Loft & Found
Kingspan guides you through the insulation of a loft conversion
When it comes to maximising the value of a house, adding a further bedroom or bathroom with a loft conversion remains one of the most sure-fire ways to bring in an extra return. One of the key decisions builders face when carrying out a conversion is which insulation to use, as this can not only affect compliance with the Building Regulations, but can also have a big impact on the living space within the room.
Under the latest version of Approved Document L1B to the Building Regulations in England, the required minimum U-value for pitched roofs insulated at rafter level remains at 0.18 W/m².K, whilst for flat ceilings the minimum is 0.16 W/m².K.
In addition to achieving compliance, a well-insulated conversion can also help minimise additional heating requirements and CO2 emissions. Home owners should not only see the financial benefit of this directly in their energy bills, but also indirectly with an improved Energy Performance Certificate (EPC). Recent research suggests that this can significantly raise the value of a house.
However, insulating to, or above the Building Regulations with traditional products such as mineral fibre can be a pain, with the thicknesses required to achieve the desired performance often exceeding the rafter depth and seriously cutting into the headroom space. The insulation can also sag or slump, resulting in un-insulated pockets, which can in turn lead to thermal bridging, surface condensation and mould growth.
In contrast, rigid phenolic insulation can meet the required thermal performance with a minimal thickness. Unlike some other insulation materials, it has a fibre-free core, is unaffected by air-infiltration and is resistant to ingress from moisture or water vapour. This allows it to maintain its thermal performance throughout the life of the building when correctly installed. Phenolic insulation boards are also lightweight making them easy to install and by selecting a phenolic insulated plasterboard product with an integral vapour barrier, it is possible to further reduce fitting times.
Step by Step
Let’s take a step by step look at a few typical methods for constructing a compliant loft conversion using products from Kingspan’s Kooltherm range of rigid phenolic insulation products. The constructions assume a 125 mm deep rafters at any centres from 400 mm and wider.

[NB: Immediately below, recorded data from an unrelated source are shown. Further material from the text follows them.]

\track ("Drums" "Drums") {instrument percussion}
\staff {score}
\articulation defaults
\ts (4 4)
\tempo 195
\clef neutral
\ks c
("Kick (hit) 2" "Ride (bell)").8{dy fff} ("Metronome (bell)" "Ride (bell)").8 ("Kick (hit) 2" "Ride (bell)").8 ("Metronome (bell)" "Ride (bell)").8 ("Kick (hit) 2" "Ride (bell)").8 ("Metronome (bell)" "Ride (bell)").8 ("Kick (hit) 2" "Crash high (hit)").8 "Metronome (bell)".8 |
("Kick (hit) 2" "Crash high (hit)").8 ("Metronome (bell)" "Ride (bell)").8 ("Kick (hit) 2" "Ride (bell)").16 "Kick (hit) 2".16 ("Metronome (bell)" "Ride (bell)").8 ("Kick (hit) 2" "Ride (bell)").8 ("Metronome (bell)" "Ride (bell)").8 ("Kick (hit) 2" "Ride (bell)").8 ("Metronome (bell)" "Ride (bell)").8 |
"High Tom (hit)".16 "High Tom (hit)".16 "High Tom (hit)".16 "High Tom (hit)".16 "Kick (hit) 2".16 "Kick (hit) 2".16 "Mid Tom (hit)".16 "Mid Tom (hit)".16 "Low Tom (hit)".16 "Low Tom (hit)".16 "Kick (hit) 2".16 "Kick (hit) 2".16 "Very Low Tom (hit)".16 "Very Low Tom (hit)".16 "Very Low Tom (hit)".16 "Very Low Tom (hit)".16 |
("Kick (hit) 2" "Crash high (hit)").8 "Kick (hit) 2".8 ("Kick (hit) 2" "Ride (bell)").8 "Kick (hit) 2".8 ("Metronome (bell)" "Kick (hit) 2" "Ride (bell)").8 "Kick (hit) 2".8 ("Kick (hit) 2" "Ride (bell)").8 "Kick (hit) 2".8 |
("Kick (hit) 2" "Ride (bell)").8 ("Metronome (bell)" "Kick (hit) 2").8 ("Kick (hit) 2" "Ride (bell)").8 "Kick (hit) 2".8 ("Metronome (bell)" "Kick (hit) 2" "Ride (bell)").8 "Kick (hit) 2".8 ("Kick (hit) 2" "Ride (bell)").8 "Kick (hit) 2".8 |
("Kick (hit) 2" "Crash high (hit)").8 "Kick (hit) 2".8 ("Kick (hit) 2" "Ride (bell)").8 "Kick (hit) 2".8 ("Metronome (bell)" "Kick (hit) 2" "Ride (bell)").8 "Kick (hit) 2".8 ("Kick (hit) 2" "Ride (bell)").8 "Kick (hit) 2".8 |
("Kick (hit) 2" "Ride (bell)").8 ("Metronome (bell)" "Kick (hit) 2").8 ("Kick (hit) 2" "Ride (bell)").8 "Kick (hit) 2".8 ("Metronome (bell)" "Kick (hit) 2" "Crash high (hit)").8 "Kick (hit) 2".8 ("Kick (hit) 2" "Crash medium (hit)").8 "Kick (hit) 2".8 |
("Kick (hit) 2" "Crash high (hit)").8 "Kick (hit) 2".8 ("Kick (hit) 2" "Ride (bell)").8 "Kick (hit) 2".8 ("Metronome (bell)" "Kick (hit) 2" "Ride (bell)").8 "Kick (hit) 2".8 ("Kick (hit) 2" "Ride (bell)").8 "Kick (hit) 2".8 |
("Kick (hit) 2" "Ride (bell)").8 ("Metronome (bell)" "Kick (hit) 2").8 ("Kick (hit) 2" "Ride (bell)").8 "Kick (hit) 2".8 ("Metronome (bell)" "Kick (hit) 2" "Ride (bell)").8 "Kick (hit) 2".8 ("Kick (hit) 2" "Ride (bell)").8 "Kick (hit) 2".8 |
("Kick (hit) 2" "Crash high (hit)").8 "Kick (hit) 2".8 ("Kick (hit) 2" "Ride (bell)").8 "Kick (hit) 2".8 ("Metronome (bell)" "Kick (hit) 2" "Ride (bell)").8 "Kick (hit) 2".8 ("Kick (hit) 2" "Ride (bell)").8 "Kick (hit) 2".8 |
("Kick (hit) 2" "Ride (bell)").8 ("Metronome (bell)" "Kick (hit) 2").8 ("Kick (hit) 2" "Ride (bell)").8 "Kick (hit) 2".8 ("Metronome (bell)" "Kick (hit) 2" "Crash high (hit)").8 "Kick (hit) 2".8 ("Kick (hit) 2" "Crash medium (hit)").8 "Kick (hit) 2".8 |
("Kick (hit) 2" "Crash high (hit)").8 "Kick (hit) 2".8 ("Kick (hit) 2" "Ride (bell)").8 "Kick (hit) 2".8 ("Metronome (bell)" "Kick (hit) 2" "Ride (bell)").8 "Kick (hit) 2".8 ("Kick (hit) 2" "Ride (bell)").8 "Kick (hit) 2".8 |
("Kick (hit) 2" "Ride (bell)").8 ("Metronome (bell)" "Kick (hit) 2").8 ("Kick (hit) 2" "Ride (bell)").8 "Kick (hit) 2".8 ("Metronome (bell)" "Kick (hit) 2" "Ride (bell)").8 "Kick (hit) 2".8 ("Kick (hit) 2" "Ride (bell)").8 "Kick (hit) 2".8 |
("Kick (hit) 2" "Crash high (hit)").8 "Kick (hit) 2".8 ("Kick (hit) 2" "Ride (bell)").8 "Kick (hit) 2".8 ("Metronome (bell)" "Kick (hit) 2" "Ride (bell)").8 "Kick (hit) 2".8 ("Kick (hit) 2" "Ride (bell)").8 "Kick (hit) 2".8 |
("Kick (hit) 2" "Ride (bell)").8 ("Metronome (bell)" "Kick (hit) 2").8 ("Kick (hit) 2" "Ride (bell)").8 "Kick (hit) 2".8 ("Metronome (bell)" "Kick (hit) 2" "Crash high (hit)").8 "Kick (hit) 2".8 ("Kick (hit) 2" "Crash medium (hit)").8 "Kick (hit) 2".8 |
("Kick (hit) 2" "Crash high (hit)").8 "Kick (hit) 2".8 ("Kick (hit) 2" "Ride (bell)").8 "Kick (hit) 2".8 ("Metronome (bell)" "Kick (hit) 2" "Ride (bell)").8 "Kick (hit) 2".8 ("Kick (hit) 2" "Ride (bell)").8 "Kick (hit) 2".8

- For houses with shared roofs and when the roof covering is not being replaced, the best approach is to install insulation between the rafters with a further layer of insulated plasterboard below. This ‘between and under’ approach helps to reduce thermal bridging through the rafters.

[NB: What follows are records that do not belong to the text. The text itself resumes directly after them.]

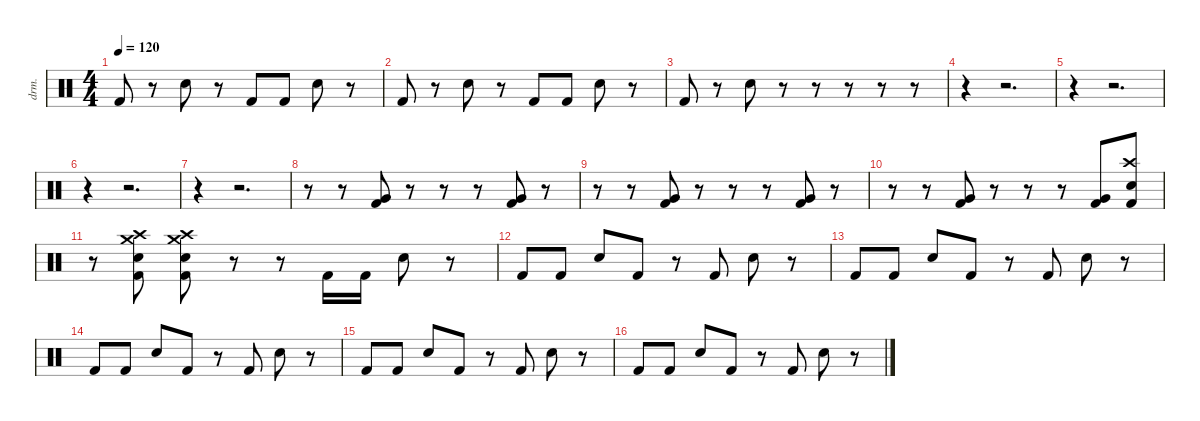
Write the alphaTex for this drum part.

\defaultSystemsLayout 4
\hideDynamics
\bracketExtendMode nobrackets
\otherSystemsTrackNameOrientation horizontal
\track ("Percussion" "drm.") {instrument percussion}
\staff {score}
\articulation defaults
\ts (4 4)
\tempo 120
\clef neutral
\ks c "Kick (hit) 2".8{dy f beam Up}
r.8{beam Up} "Snare (hit) 2".8{beam Down} r.8{beam Down} "Kick (hit) 2".8{beam Up} "Kick (hit) 2".8{beam Up} "Snare (hit) 2".8{beam Down} r.8{beam Down} |
"Kick (hit) 2".8{beam Up} r.8{beam Up} "Snare (hit) 2".8{beam Down} r.8{beam Down} "Kick (hit) 2".8{beam Up} "Kick (hit) 2".8{beam Up} "Snare (hit) 2".8{beam Down} r.8{beam Down} |
"Kick (hit) 2".8{beam Up} r.8{beam Up} "Snare (hit) 2".8{beam Down} r.8{beam Down} r.8{beam Down} r.8{beam Down} r.8{beam Down} r.8{beam Down} |
r.4{beam Down} r.2{d beam Down} |
r.4{beam Down} r.2{d beam Down} |
r.4{beam Down} r.2{d beam Down} |
r.4{beam Down} r.2{d beam Down} |
r.8{beam Down} r.8{beam Down} ("Kick (hit) 2" "Very Low Tom (hit)").8{beam Up} r.8{beam Up} r.8{beam Up} r.8{beam Up} ("Kick (hit) 2" "Very Low Tom (hit)").8{beam Up} r.8{beam Up} |
r.8{beam Down} r.8{beam Down} ("Kick (hit) 2" "Very Low Tom (hit)").8{beam Up} r.8{beam Up} r.8{beam Up} r.8{beam Up} ("Kick (hit) 2" "Very Low Tom (hit)").8{beam Up} r.8{beam Up} |
r.8{beam Down} r.8{beam Down} ("Kick (hit) 2" "Very Low Tom (hit)").8{beam Up} r.8{beam Up} r.8{beam Up} r.8{beam Up} ("Kick (hit) 2" "Very Low Tom (hit)").8{beam Up} ("Kick (hit) 2" "Snare (hit) 2" "Crash high (hit)").8{beam Up} |
r.8{beam Down} ("Kick (hit) 2" "Snare (hit) 2" "Crash high (hit)" "Crash medium (hit)").8{beam Down} ("Kick (hit) 2" "Snare (hit) 2" "Crash high (hit)" "Crash medium (hit)").8{beam Down} r.8{beam Down} r.8{beam Down} "Kick (hit) 2".16{beam Up} "Kick (hit) 2".16{beam Up} "Snare (hit) 2".8{beam Down} r.8{beam Down} |
"Kick (hit) 2".8{beam Up} "Kick (hit) 2".8{beam Up} "Snare (hit) 2".8{beam Up} "Kick (hit) 2".8{beam Up} r.8{beam Up} "Kick (hit) 2".8{beam Up} "Snare (hit) 2".8{beam Down} r.8{beam Down} |
"Kick (hit) 2".8{beam Up} "Kick (hit) 2".8{beam Up} "Snare (hit) 2".8{beam Up} "Kick (hit) 2".8{beam Up} r.8{beam Up} "Kick (hit) 2".8{beam Up} "Snare (hit) 2".8{beam Down} r.8{beam Down} |
"Kick (hit) 2".8{beam Up} "Kick (hit) 2".8{beam Up} "Snare (hit) 2".8{beam Up} "Kick (hit) 2".8{beam Up} r.8{beam Up} "Kick (hit) 2".8{beam Up} "Snare (hit) 2".8{beam Down} r.8{beam Down} |
"Kick (hit) 2".8{beam Up} "Kick (hit) 2".8{beam Up} "Snare (hit) 2".8{beam Up} "Kick (hit) 2".8{beam Up} r.8{beam Up} "Kick (hit) 2".8{beam Up} "Snare (hit) 2".8{beam Down} r.8{beam Down} |
"Kick (hit) 2".8{beam Up} "Kick (hit) 2".8{beam Up} "Snare (hit) 2".8{beam Up} "Kick (hit) 2".8{beam Up} r.8{beam Up} "Kick (hit) 2".8{beam Up} "Snare (hit) 2".8{beam Down} r.8{beam Down}

- The Building Regulation requirements can be met by installing 100mm Kingspan Kooltherm K7 Pitched Roof Board between rafters and 39.5mm Kooltherm K14 Insulated Plasterboard below. As the space between rafters may vary it is essential to measure each gap before cutting to ensure a tight fit. Any gaps are filled with an expanding insulated foam and / or flexible sealant.

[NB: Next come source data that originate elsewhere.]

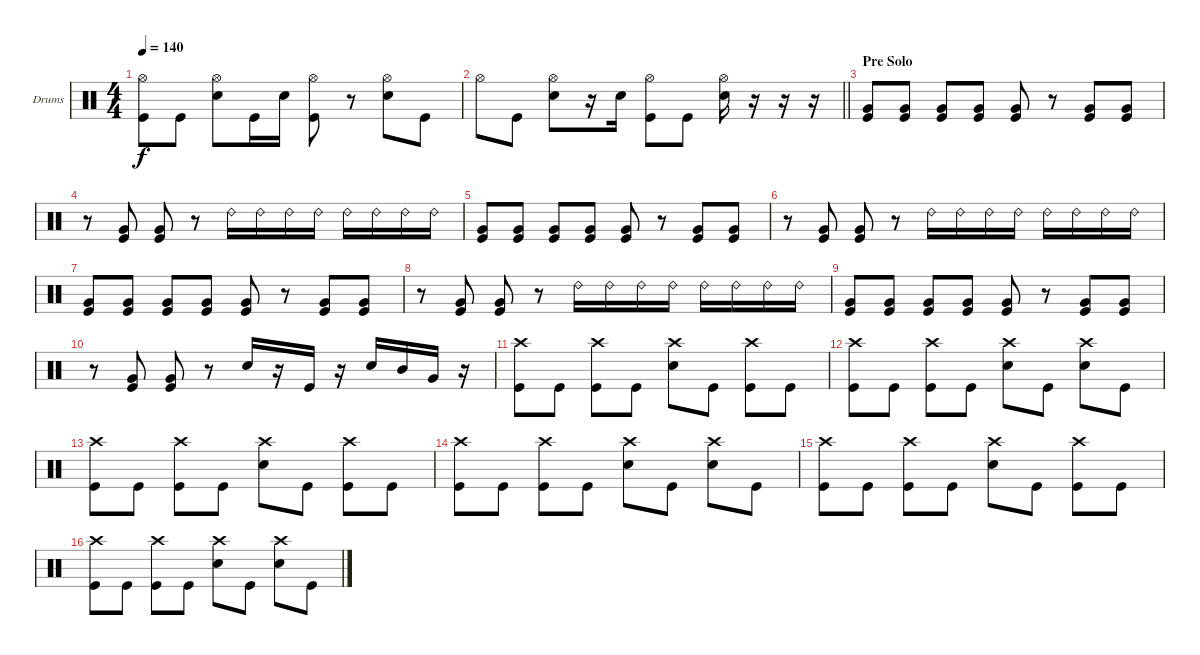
\bracketExtendMode groupsimilarinstruments
\firstSystemTrackNameOrientation horizontal
\otherSystemsTrackNameOrientation horizontal
\track ("Dave McClain" "Drums") {instrument percussion}
\staff {score}
\articulation defaults
\ts (4 4)
\tempo 140
\clef neutral
\ks c
("Hi-Hat (open)" "Kick (hit)").8{dy f} "Kick (hit)".8 ("Hi-Hat (open)" "Snare (hit) 2").8 "Kick (hit)".16 "Snare (hit) 2".16 ("Hi-Hat (open)" "Kick (hit)").8 r.8 ("Hi-Hat (open)" "Snare (hit) 2").8 "Kick (hit)".8 |
\barLineRight lightlight "Hi-Hat (open)".8 "Kick (hit)".8
("Hi-Hat (open)" "Snare (hit) 2").8 r.16 "Snare (hit) 2".16 ("Hi-Hat (open)" "Kick (hit)").8 "Kick (hit)".8 ("Hi-Hat (open)" "Snare (hit) 2").16 r.16 r.16 r.16 |
\section ("" "Pre Solo")
("Very Low Tom (hit)" "Kick (hit)").8 ("Very Low Tom (hit)" "Kick (hit)").8 ("Very Low Tom (hit)" "Kick (hit)").8 ("Very Low Tom (hit)" "Kick (hit)").8 ("Very Low Tom (hit)" "Kick (hit)").8 r.8 ("Very Low Tom (hit)" "Kick (hit)").8 ("Very Low Tom (hit)" "Kick (hit)").8 |
r.8 ("Very Low Tom (hit)" "Kick (hit)").8 ("Very Low Tom (hit)" "Kick (hit)").8 r.8 "Ride (bell) 2".16 "Ride (bell) 2".16 "Ride (bell) 2".16 "Ride (bell) 2".16 "Ride (bell) 2".16 "Ride (bell) 2".16 "Ride (bell) 2".16 "Ride (bell) 2".16 |
("Very Low Tom (hit)" "Kick (hit)").8 ("Very Low Tom (hit)" "Kick (hit)").8 ("Very Low Tom (hit)" "Kick (hit)").8 ("Very Low Tom (hit)" "Kick (hit)").8 ("Very Low Tom (hit)" "Kick (hit)").8 r.8 ("Very Low Tom (hit)" "Kick (hit)").8 ("Very Low Tom (hit)" "Kick (hit)").8 |
r.8 ("Very Low Tom (hit)" "Kick (hit)").8 ("Very Low Tom (hit)" "Kick (hit)").8 r.8 "Ride (bell) 2".16 "Ride (bell) 2".16 "Ride (bell) 2".16 "Ride (bell) 2".16 "Ride (bell) 2".16 "Ride (bell) 2".16 "Ride (bell) 2".16 "Ride (bell) 2".16 |
("Very Low Tom (hit)" "Kick (hit)").8 ("Very Low Tom (hit)" "Kick (hit)").8 ("Very Low Tom (hit)" "Kick (hit)").8 ("Very Low Tom (hit)" "Kick (hit)").8 ("Very Low Tom (hit)" "Kick (hit)").8 r.8 ("Very Low Tom (hit)" "Kick (hit)").8 ("Very Low Tom (hit)" "Kick (hit)").8 |
r.8 ("Very Low Tom (hit)" "Kick (hit)").8 ("Very Low Tom (hit)" "Kick (hit)").8 r.8 "Ride (bell) 2".16 "Ride (bell) 2".16 "Ride (bell) 2".16 "Ride (bell) 2".16 "Ride (bell) 2".16 "Ride (bell) 2".16 "Ride (bell) 2".16 "Ride (bell) 2".16 |
("Very Low Tom (hit)" "Kick (hit)").8 ("Very Low Tom (hit)" "Kick (hit)").8 ("Very Low Tom (hit)" "Kick (hit)").8 ("Very Low Tom (hit)" "Kick (hit)").8 ("Very Low Tom (hit)" "Kick (hit)").8 r.8 ("Very Low Tom (hit)" "Kick (hit)").8 ("Very Low Tom (hit)" "Kick (hit)").8 |
r.8 ("Very Low Tom (hit)" "Kick (hit)").8 ("Very Low Tom (hit)" "Kick (hit)").8 r.8 "Snare (hit) 2".16 r.16 "Kick (hit)".16 r.16 "Snare (hit) 2".16 "Mid Tom (hit)".16 "Very Low Tom (hit)".16 r.16 |
("Crash high (hit)" "Kick (hit)").8 "Kick (hit)".8 ("Crash high (hit)" "Kick (hit)").8 "Kick (hit)".8 ("Crash high (hit)" "Snare (hit) 2").8 "Kick (hit)".8 ("Crash high (hit)" "Kick (hit)").8 "Kick (hit)".8 |
("Crash high (hit)" "Kick (hit)").8 "Kick (hit)".8 ("Crash high (hit)" "Kick (hit)").8 "Kick (hit)".8 ("Crash high (hit)" "Snare (hit) 2").8 "Kick (hit)".8 ("Crash high (hit)" "Snare (hit) 2").8 "Kick (hit)".8 |
("Crash high (hit)" "Kick (hit)").8 "Kick (hit)".8 ("Crash high (hit)" "Kick (hit)").8 "Kick (hit)".8 ("Crash high (hit)" "Snare (hit) 2").8 "Kick (hit)".8 ("Crash high (hit)" "Kick (hit)").8 "Kick (hit)".8 |
("Crash high (hit)" "Kick (hit)").8 "Kick (hit)".8 ("Crash high (hit)" "Kick (hit)").8 "Kick (hit)".8 ("Crash high (hit)" "Snare (hit) 2").8 "Kick (hit)".8 ("Crash high (hit)" "Snare (hit) 2").8 "Kick (hit)".8 |
("Crash high (hit)" "Kick (hit)").8 "Kick (hit)".8 ("Crash high (hit)" "Kick (hit)").8 "Kick (hit)".8 ("Crash high (hit)" "Snare (hit) 2").8 "Kick (hit)".8 ("Crash high (hit)" "Kick (hit)").8 "Kick (hit)".8 |
("Crash high (hit)" "Kick (hit)").8 "Kick (hit)".8 ("Crash high (hit)" "Kick (hit)").8 "Kick (hit)".8 ("Crash high (hit)" "Snare (hit) 2").8 "Kick (hit)".8 ("Crash high (hit)" "Snare (hit) 2").8 "Kick (hit)".8

- Where a non-breathable sarking material such as felt is used, a ventilation gap of 50mm is required above the Kooltherm K7. To maintain this gap and ensure the board is flush with the bottom of the rafters, timber stop battens can be nailed to the rafters at the appropriate depth.
- The plasterboard is then fitted with the long edge running horizontally across the rafters, lapping by at least 20mm at joints. The boards are fixed in place with drywall screws at a maximum of 200mm centres, and no less than 10mm from the edge of the board at bound edges (paper bound) or 13mm from non-bound edge. Screws should be long enough to penetrate at least 25mm into the joist without being overdriven.
- To meet the U-value requirement of 0.16 for areas of flat ceiling, 75mm Kooltherm K7 is fitted between joists and 69.5mm Kingspan Kooltherm K14 is added below using the same installation approach.
- For dwarf walls 50mm Kooltherm K12 Framing Board is installed between timber studs and 29.5mm of Kooltherm K14 on their inner face.
- When re-roofing a detatched property it is best to insulate using a “between and over” approach. For pitched roofs 50mm Kooltherm K7 Pitched Roof Board is installed between the rafters using sarking clips driven into the top of the timber at 1 meter centres to hold them in place.
- A further 60mm of Kooltherm K7 is then installed over the rafters with care taken to ensure that any joints on boards running from the eaves to ridge occur over rafters. A breathable sarking membrane such as the company’s Nilvent is then overlaid and the boards can then be held in place with counter battens (38mm x 38 mm).
- For enhanced airtightness with this arrangement a further breather membrane can be added between the two layers of Kingspan Koolthem K7, with all joints or gaps sealed using airtight tape.